School Time, Winslow Homer c. 1874

Pondering: Where will AI have the most impact?

I was recently reading an article written on Michael Spencer’s Substack, AI Supremacy about the large impact that AI will have on the Biotech industry. Almost halfway through the article, he posed readers a question in the form of a poll: Where does AI have the most potential impact?

Possible answers were:

  • Healthcare
  • Science
  • Education
  • Productivity and GDP
  • Government or Other

The results of this poll surprised me. 48% readers determined that Healthcare would be the area most upended, double the next leading category Productivity and GDP.

Poll results display Healthcare won the most votes

I chalk up this resounding win for Healthcare to the placement of the poll, deep within an article touting the wonders of medicine in an AI-driven future. The author, Marina T Alamanou, makes a strong case for this future.

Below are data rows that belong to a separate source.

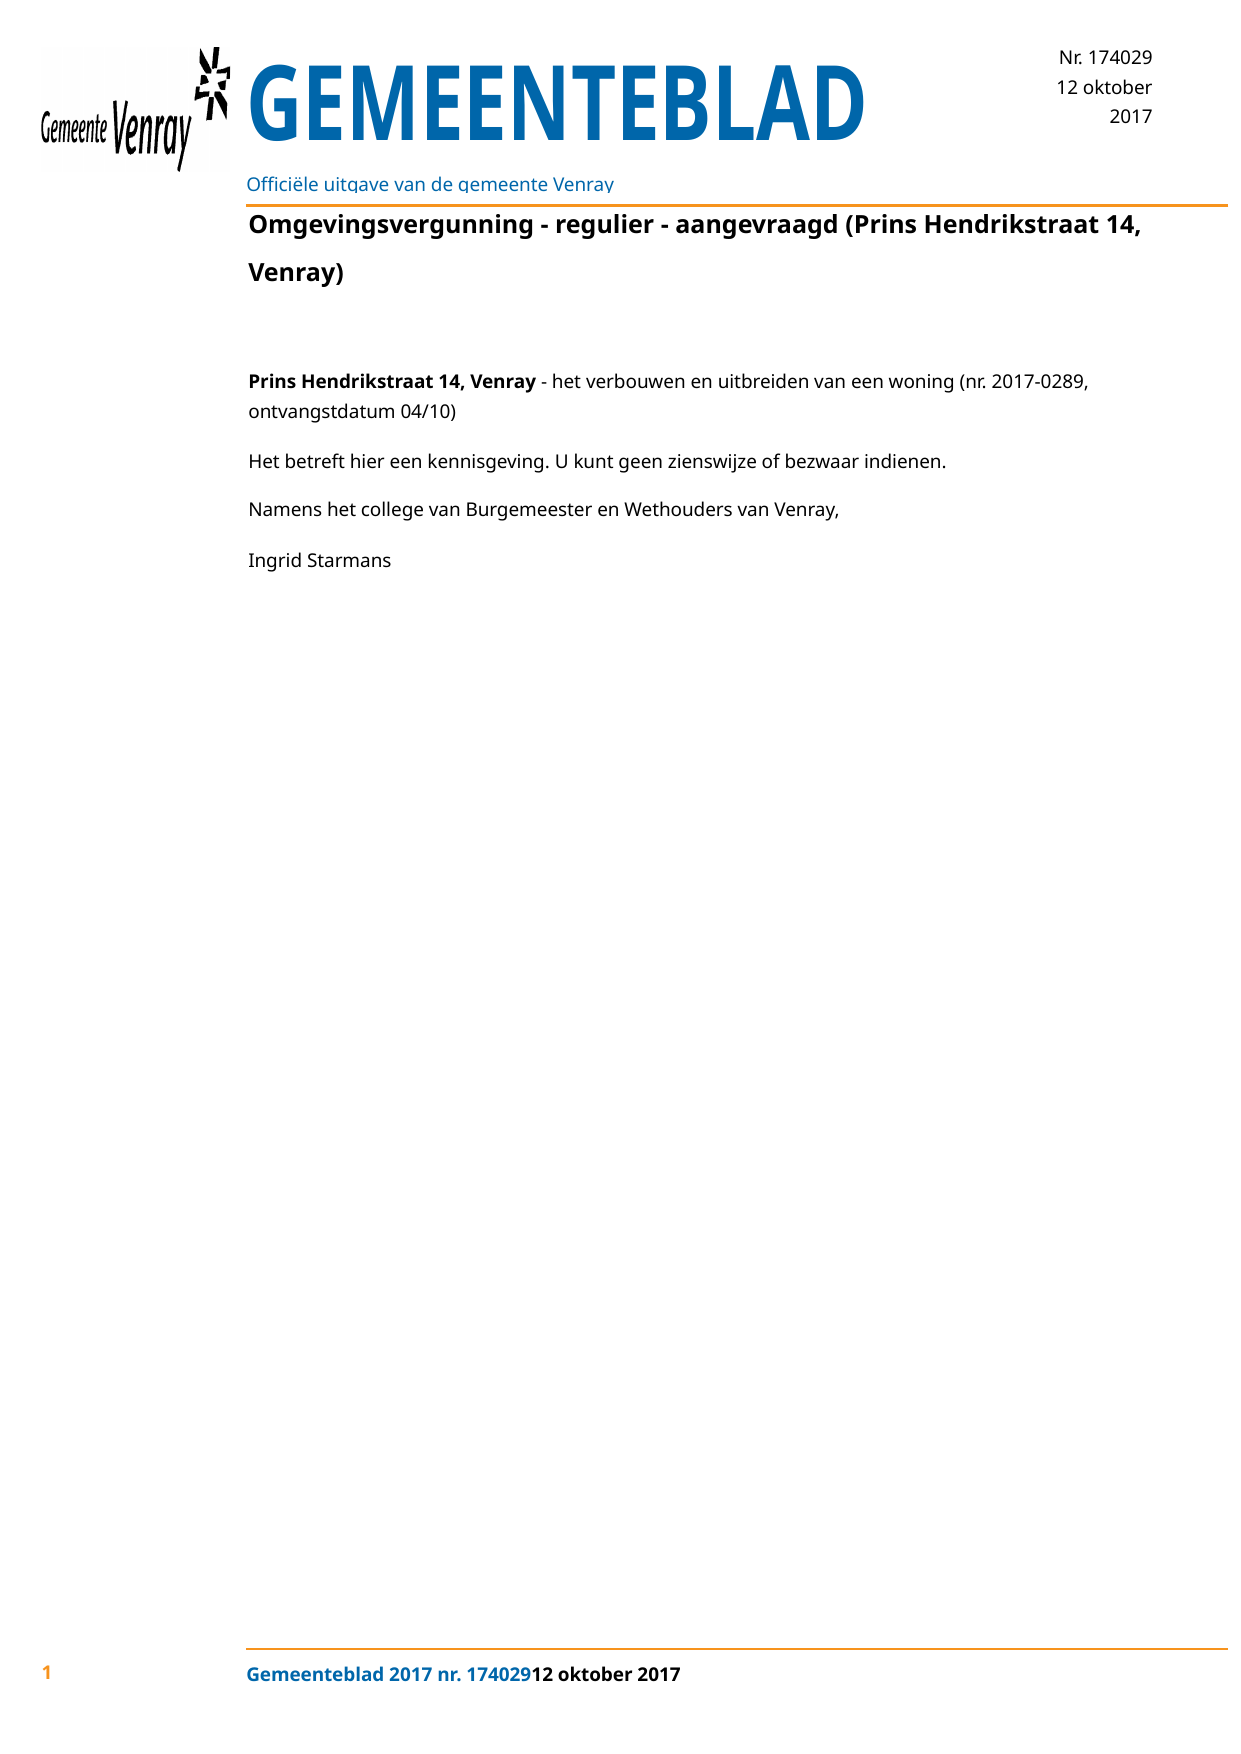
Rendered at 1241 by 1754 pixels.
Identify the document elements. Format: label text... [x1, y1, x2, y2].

text Prins Hendrikstraat 14, Venray - het verbouwen en uitbreiden van een woning (nr. 2017-0289, ontvangstdatum 04/10) [248, 368, 1152, 424]
text Ingrid Starmans [248, 548, 1152, 573]
text Het betreft hier een kennisgeving. U kunt geen zienswijze of bezwaar indienen. [248, 448, 1152, 474]
picture [41, 47, 231, 172]
text Omgevingsvergunning - regulier - aangevraagd (Prins Hendrikstraat 14, Venray) [248, 207, 1152, 288]
text Namens het college van Burgemeester en Wethouders van Venray, [248, 496, 1152, 522]

However, the poll left me thinking. As you can see, I disagreed with the majority. I’d like to explain why Education, not Healthcare, faces the greatest impact from broad AI adoption.

Defining “Impact”

Depending on who you ask, the noun “impact” could mean different things to different folks. As such, there’s ambiguity that must be clarified. For example:

  • Does impact in this context mean solely good outcomes, or does it include bad outcomes too?
  • Does impact consider outputs other than simply profit?
  • Does impact consider effects on processes, techniques, and procedures used to create industry outputs, and not just the outputs themselves?

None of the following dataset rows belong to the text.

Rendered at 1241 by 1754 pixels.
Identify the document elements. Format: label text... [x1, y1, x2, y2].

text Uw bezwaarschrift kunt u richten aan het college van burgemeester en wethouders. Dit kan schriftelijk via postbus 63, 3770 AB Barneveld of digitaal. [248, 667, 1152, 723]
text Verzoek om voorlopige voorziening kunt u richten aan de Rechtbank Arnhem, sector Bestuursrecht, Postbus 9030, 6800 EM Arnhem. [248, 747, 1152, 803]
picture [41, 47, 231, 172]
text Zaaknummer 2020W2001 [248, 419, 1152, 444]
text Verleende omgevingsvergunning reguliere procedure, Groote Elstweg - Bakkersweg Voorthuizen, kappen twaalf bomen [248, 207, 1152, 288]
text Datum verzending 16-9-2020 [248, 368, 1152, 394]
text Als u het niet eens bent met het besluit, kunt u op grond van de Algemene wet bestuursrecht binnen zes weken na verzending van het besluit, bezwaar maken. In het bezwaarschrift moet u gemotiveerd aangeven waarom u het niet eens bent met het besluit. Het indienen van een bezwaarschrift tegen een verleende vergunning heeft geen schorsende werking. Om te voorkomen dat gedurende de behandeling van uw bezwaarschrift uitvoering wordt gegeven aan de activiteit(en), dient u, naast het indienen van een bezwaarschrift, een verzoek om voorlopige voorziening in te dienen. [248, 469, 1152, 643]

I must to distill my interpretation to define my position. Impact, in this case, means (or should mean) more than just the bottom line, and more than just good and bad outcomes. These are important considerations, yes, but impact must also be measured with a consideration to affects on processes used to create outputs.

A brief example, to demonstrate. One measuring the impact of AI on healthcare could measure it simply by noting increases in profit. How much more money do healthcare companies make? However, this is only part of the impact and doesn’t tell the whole story. One could expand the scope of their measurement to include other outputs, such as new drugs on the market. Are healthcare companies treating more diseases with their output of new drugs? This is better, but still lacks. To understand the full picture, one must additionally consider changes to processes used to create outputs. To what extent does AI impact the R&D processes that create safe drugs? Does AI interfere with the scientific method used to find medicinal molecules?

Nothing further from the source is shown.